On Mon, May 12, 2014 at 5:07 PM, Jonas Bonn <[email protected]> wrote:
> On 05/12/14 13:49, Stefan Kristiansson wrote:
>> On Mon, May 12, 2014 at 2:25 PM, Jonas Bonn <[email protected]> wrote:
>> i) the _only_ reason we need scratch regs is because we need to switch
>> from the user-stack to the process' kernel stack.
>> ii) for syscalls, we have scratch regs (the call-clobbered regs) so
>> there's no issue here... I don't think I pushed my patch for this
>> upstream, but it should be in my repo somewhere... check for branches
>> with syscall in the name
>> iii) for exceptions, there's nothing you can do that will suddenly get
>> you a scratch reg... _all_ the regs are precious and need to be restored
>> exactly as they were when returning to userspace.  Switching from r10 to
>> r21 gets you nothing here as you still need to save r21.
>> You miss the point of what I tried to achieve, I was hoping to make
>> use of r10 as a "kernel reserved register" (since that's what the
>> 'bug' basically could be interpreted as).
>> So, with an ABI like that, yes, you'd need to save r21, but not r10.
>> But, this discussion is moot anyway now ;)
> So you wanted to:
>
> i) "leak" the value of r10 userspace... though it shouldn't matter if
> that page isn't user-accessible; not sure if the kernel gets that right
> (presumably not)
> ii) ...and hope that userspace doesn't "accidentally" modify its value
> so that you can use it unmodified in the kernel?
>
> Both of these are a bad idea.  Glad the idea died on its own... :)
>

Umm... Of course not....
I think you're still misunderstanding the intent.
i) Wouldn't be an issue, r10 could be cleared before returning to userspace
ii) How would it be an issue if userspace modify the value?
I would write to the scratch reg 'first thing' on exception entry.

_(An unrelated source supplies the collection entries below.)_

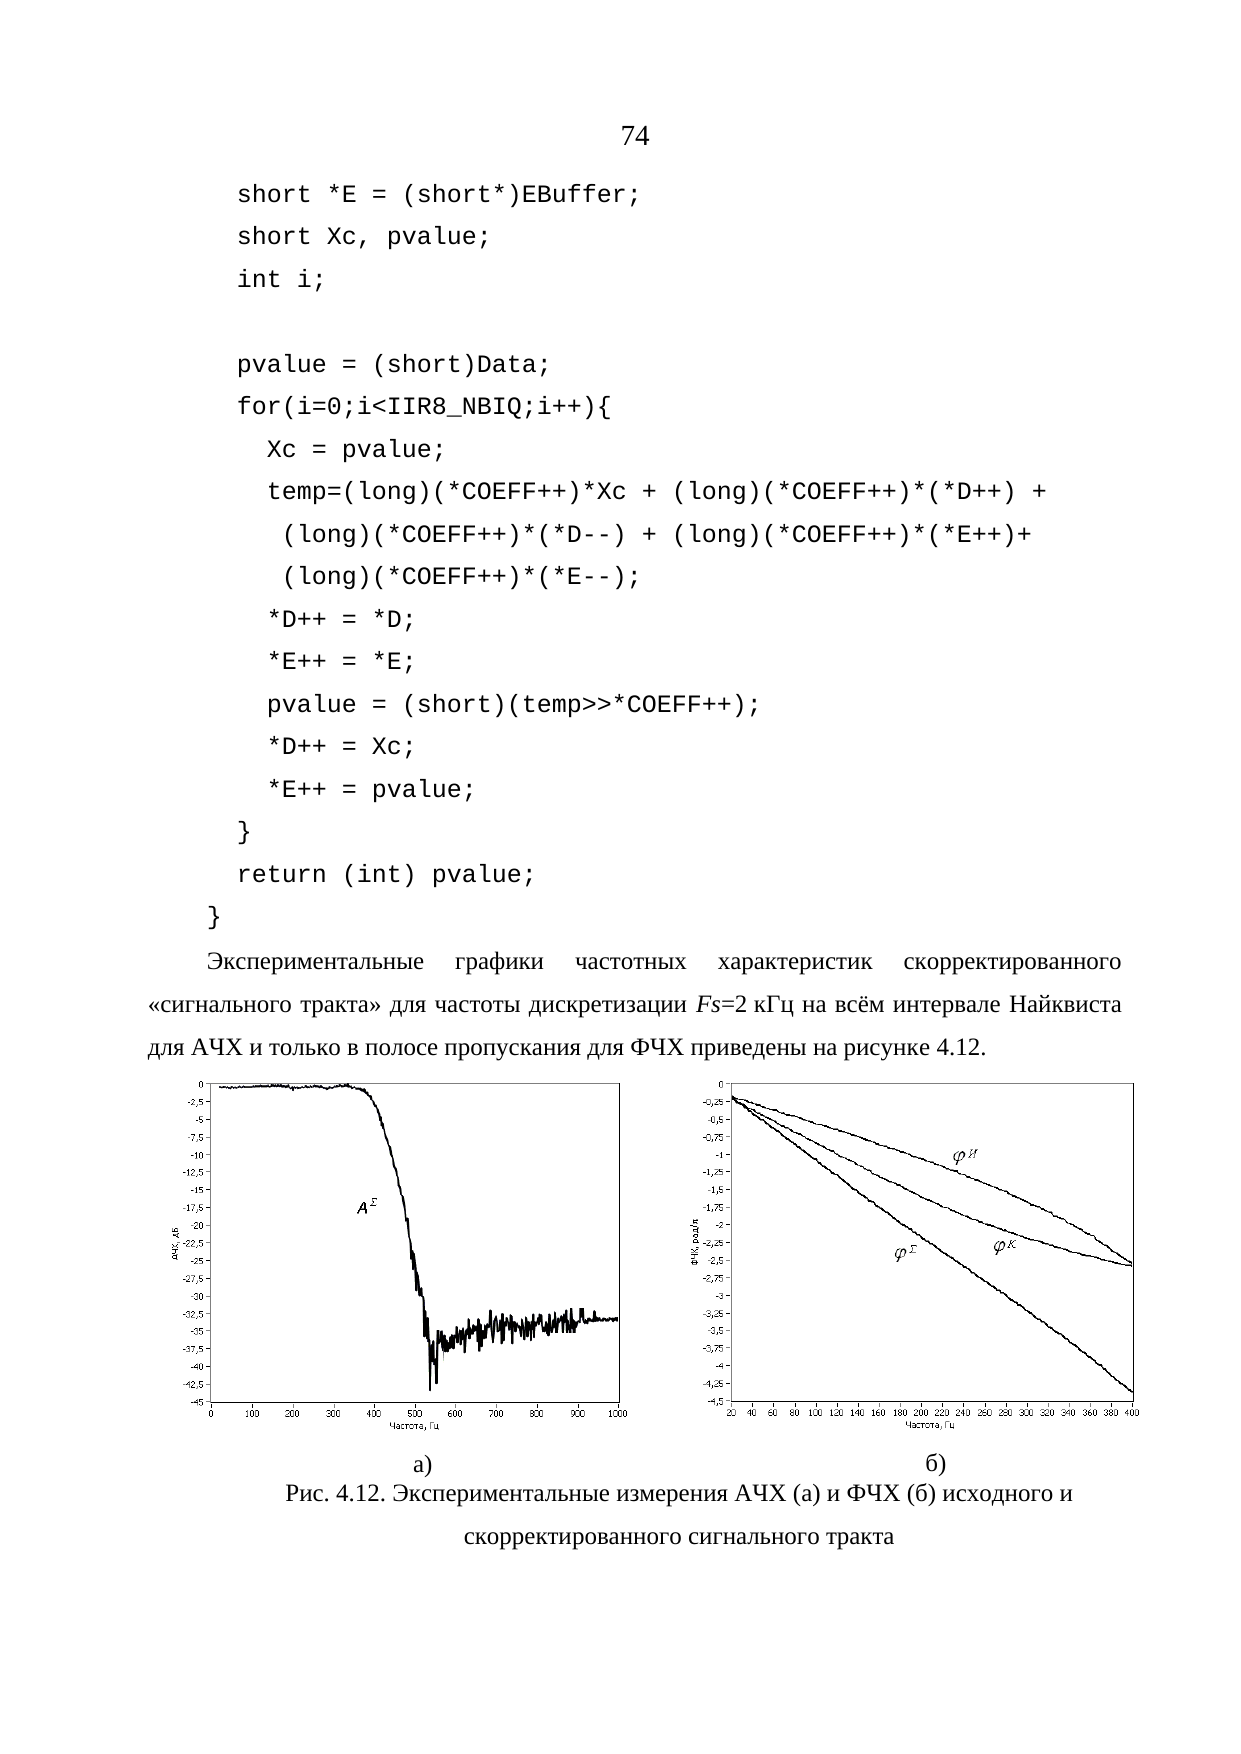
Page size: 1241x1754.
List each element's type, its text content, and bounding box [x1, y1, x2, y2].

text } [148, 819, 1122, 847]
text short *E = (short*)EBuffer; [148, 181, 1122, 209]
text for(i=0;i<IIR8_NBIQ;i++){ [148, 394, 1122, 422]
text *E++ = *E; [148, 649, 1122, 677]
text *D++ = Xc; [148, 734, 1122, 762]
text short Xc, pvalue; [148, 224, 1122, 252]
text int i; [148, 266, 1122, 294]
text temp=(long)(*COEFF++)*Xc + (long)(*COEFF++)*(*D++) + [148, 479, 1122, 507]
text *E++ = pvalue; [148, 776, 1122, 804]
table_header а) [136, 1076, 649, 1478]
text Xc = pvalue; [148, 436, 1122, 464]
table_header б) [650, 1076, 1163, 1478]
picture [661, 1075, 1152, 1434]
text Экспериментальные графики частотных характеристик скорректированного «сигнального тракта» для частоты дискретизации Fs=2 кГц на всём интервале Найквиста для АЧХ и только в полосе пропускания для ФЧХ приведены на рисунке 4.12. [148, 946, 1122, 1061]
text } [148, 904, 1122, 932]
text (long)(*COEFF++)*(*D--) + (long)(*COEFF++)*(*E++)+ [148, 521, 1122, 549]
text pvalue = (short)(temp>>*COEFF++); [148, 691, 1122, 719]
text *D++ = *D; [148, 606, 1122, 634]
text (long)(*COEFF++)*(*E--); [148, 564, 1122, 592]
picture [148, 1075, 638, 1435]
text pvalue = (short)Data; [148, 351, 1122, 379]
table_cell Рис. 4.12. Экспериментальные измерения АЧХ (а) и ФЧХ (б) исходного и скорректированного сигнального тракта [136, 1478, 1163, 1550]
text return (int) pvalue; [148, 861, 1122, 889]
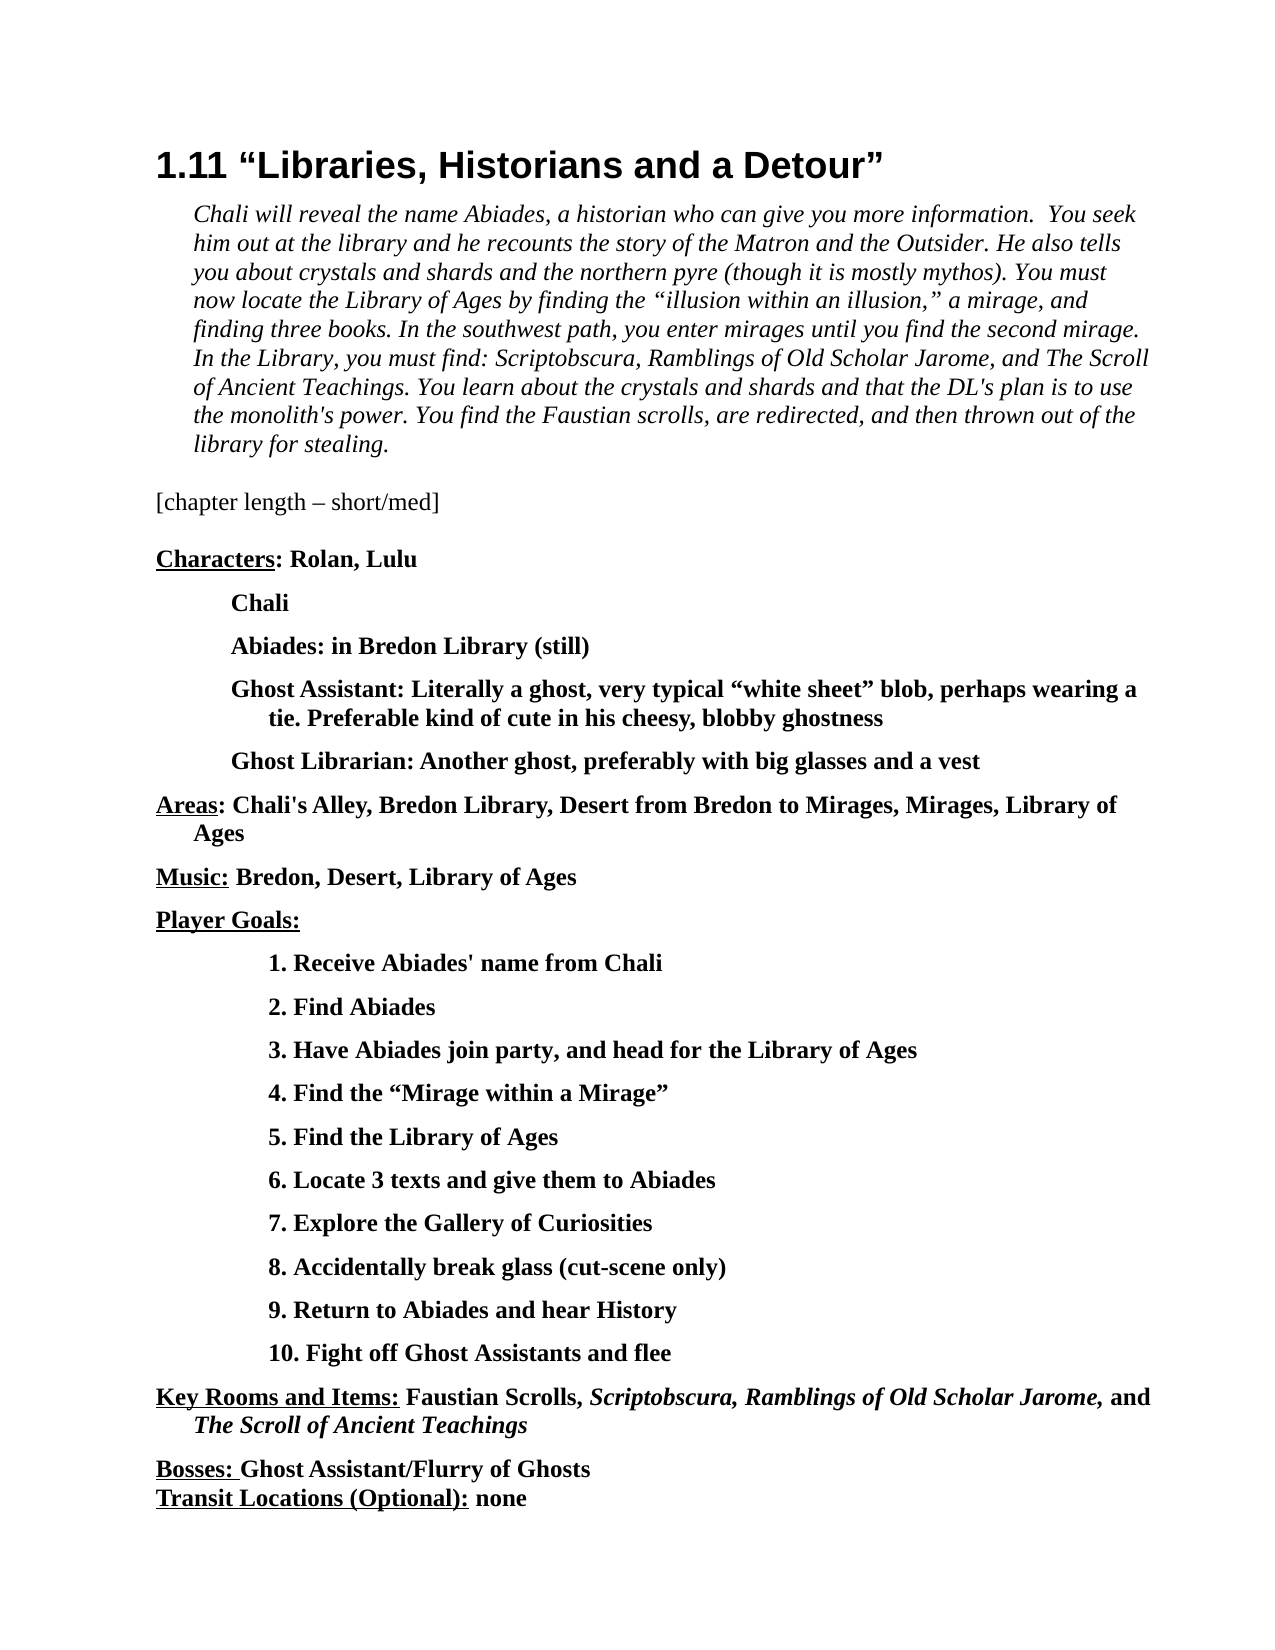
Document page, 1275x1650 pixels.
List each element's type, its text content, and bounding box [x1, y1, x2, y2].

subtitle 1.11 “Libraries, Historians and a Detour” [156, 143, 1157, 187]
list Music: Bredon, Desert, Library of Ages [156, 862, 1157, 891]
list 10. Fight off Ghost Assistants and flee [268, 1338, 1157, 1367]
list 7. Explore the Gallery of Curiosities [268, 1208, 1157, 1237]
list Transit Locations (Optional): none [156, 1483, 1157, 1511]
list 8. Accidentally break glass (cut-scene only) [268, 1252, 1157, 1281]
list 9. Return to Abiades and hear History [268, 1295, 1157, 1324]
list 6. Locate 3 texts and give them to Abiades [268, 1165, 1157, 1194]
list 1. Receive Abiades' name from Chali [268, 948, 1157, 977]
list 5. Find the Library of Ages [268, 1122, 1157, 1151]
list Ghost Assistant: Literally a ghost, very typical “white sheet” blob, perhaps wearing a tie. Preferable kind of cute in his cheesy, blobby ghostness [231, 674, 1157, 732]
list Chali will reveal the name Abiades, a historian who can give you more information. You seek him out at the library and he recounts the story of the Matron and the Outsider. He also tells you about crystals and shards and the northern pyre (though it is mostly mythos). You must now locate the Library of Ages by finding the “illusion within an illusion,” a mirage, and finding three books. In the southwest path, you enter mirages until you find the second mirage. In the Library, you must find: Scriptobscura, Ramblings of Old Scholar Jarome, and The Scroll of Ancient Teachings. You learn about the crystals and shards and that the DL's plan is to use the monolith's power. You find the Faustian scrolls, are redirected, and then thrown out of the library for stealing. [156, 199, 1157, 458]
list 2. Find Abiades [268, 992, 1157, 1021]
list Ghost Librarian: Another ghost, preferably with big glasses and a vest [231, 746, 1157, 775]
list [chapter length – short/med] [156, 487, 1157, 516]
list 4. Find the “Mirage within a Mirage” [268, 1078, 1157, 1107]
list 3. Have Abiades join party, and head for the Library of Ages [268, 1035, 1157, 1064]
list Key Rooms and Items: Faustian Scrolls, Scriptobscura, Ramblings of Old Scholar Jarome, and The Scroll of Ancient Teachings [156, 1382, 1157, 1439]
list Chali [231, 588, 1157, 616]
list Bosses: Ghost Assistant/Flurry of Ghosts [156, 1454, 1157, 1483]
list Player Goals: [156, 905, 1157, 934]
list Characters: Rolan, Lulu [156, 544, 1157, 573]
list Areas: Chali's Alley, Bredon Library, Desert from Bredon to Mirages, Mirages, Library of Ages [156, 790, 1157, 847]
list Abiades: in Bredon Library (still) [231, 631, 1157, 660]

>> Hmm, interesting thought, that will need some more consideration.
>> Otoh, you could quite easily manually implement this kind of behaviour
>> with the more "generic" kind of SPR scratch regs we have been
>> discussing below.
> I think the TLB handlers want some scratch space as well, though one
> could probably handle this with my SPR_EXCEPTION_STACK register as
> well... the TLB handlers use scratch space (I think) because we don't
> bother to set up the kernel stack for them....
>

Right.

> Thinking about this some more:
>
> i) scratch space really just comes down to one or two per-cpu variables;
> we don't really need SPR's for this at all, but having some freely
> usable SPR's allows us to stash some per-cpu variables there instead of
> in memory
>
> ii) we currently use 3 scratch values in the exception entry code
>
> iii) I think we really only need 2 scratch values because we could
> calculate the value of the kernel stack pointer given
> current_thread_info instead of loading it from current_thread_info
>
> iv) If we had direct access to the physical value of current_thread_info
> (instead of the virtual address), then we wouldn't need the to_phys()
> calls and could probably make do with a single scratch value; this could
> easily be added to the kernel
>
> v) note that an in-kernel exception, however, probably requires that we
> do a to_phys() on r1 so we pretty much require 2 scratch values no
> matter what
>
> Anyway, considering this, any freely usable SPR that we add allows us to
> keep a per-cpu variable close to the CPU instead of in memory... (is
> this any different from a non-flushable cache line?)  The more such
> SPR's we have, the more per-cpu values we could cache.  We'd need two to
> use as scratch space for exception entry, but one of those could double
> as the "per-cpu physical address of current_thread_info" (the details of
> which I'll leave out for now) even allowing us to free up r10 (though
> that's moot as userspace now has it pegged as fixed-function).
>
> So I guess my conclusion given the above is that a couple of SPR_PERCPUx
> would be a good idea, solving the problem of scratch space on exception
> entry and being usable for other per-cpu optimizations on a
> implementation-by-implementation basis (where the Linux implementatin
> requires "scratch space" while others may not and use the regs for other
> purposes)
>

Yeah, all this boils down to roughly what we already concluded.
The extra benefit of letting them hold per-cpu variables is an
interesting addition though.
The reason why I propose to use another "GPR set" is that the SPR
address space is already defined in the arch manual.
But I'm open to other addresses as well.